THE DATA ->
****

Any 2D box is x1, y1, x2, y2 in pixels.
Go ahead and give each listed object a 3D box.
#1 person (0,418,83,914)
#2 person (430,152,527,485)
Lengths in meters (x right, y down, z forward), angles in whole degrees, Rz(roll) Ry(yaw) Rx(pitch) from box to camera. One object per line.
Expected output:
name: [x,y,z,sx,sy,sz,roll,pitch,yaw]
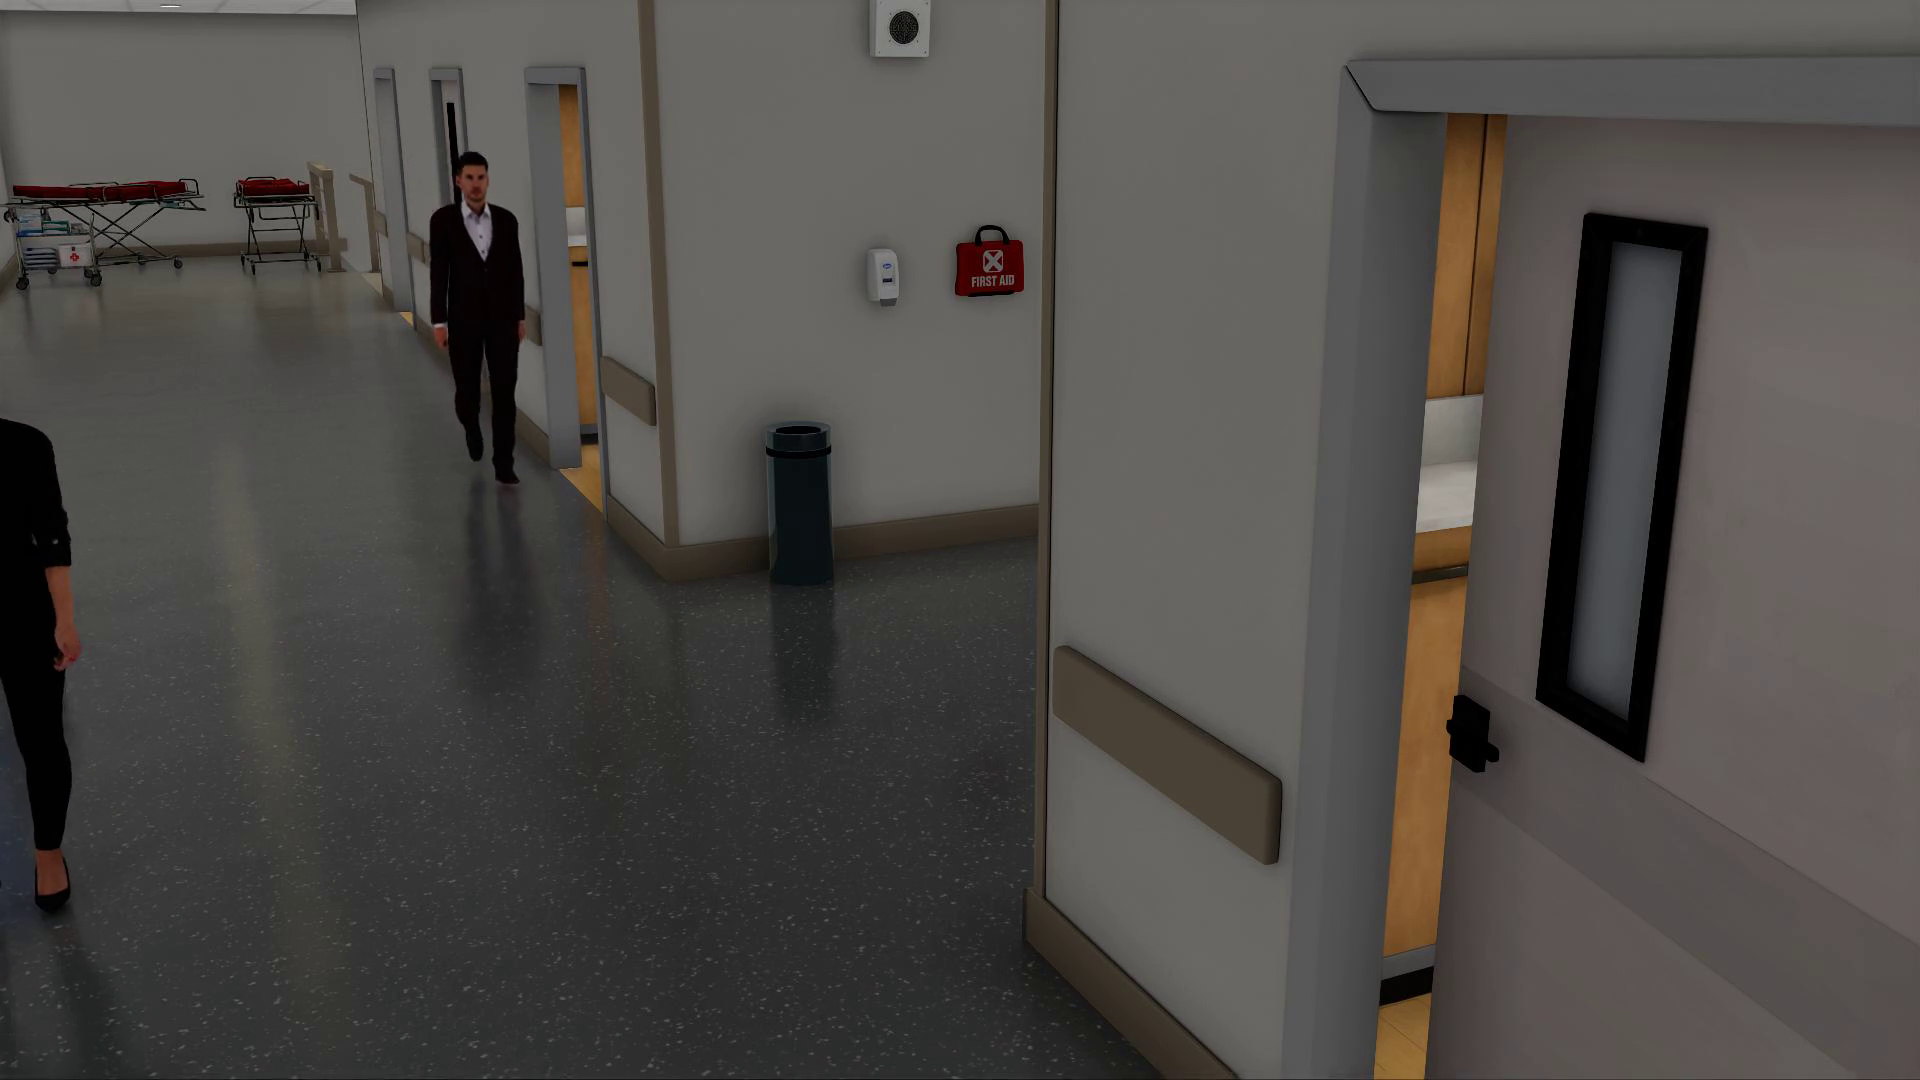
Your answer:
person: [-2.617,0.233,4.554,0.640,1.648,0.687,-5,17,-18]
person: [-2.743,-1.258,9.482,0.679,1.844,1.043,-8,17,-25]

****

WORK REQUEST -> Among the records above, count the lines that include the word "object" and state the number by itself.

TASK RESULT -> 2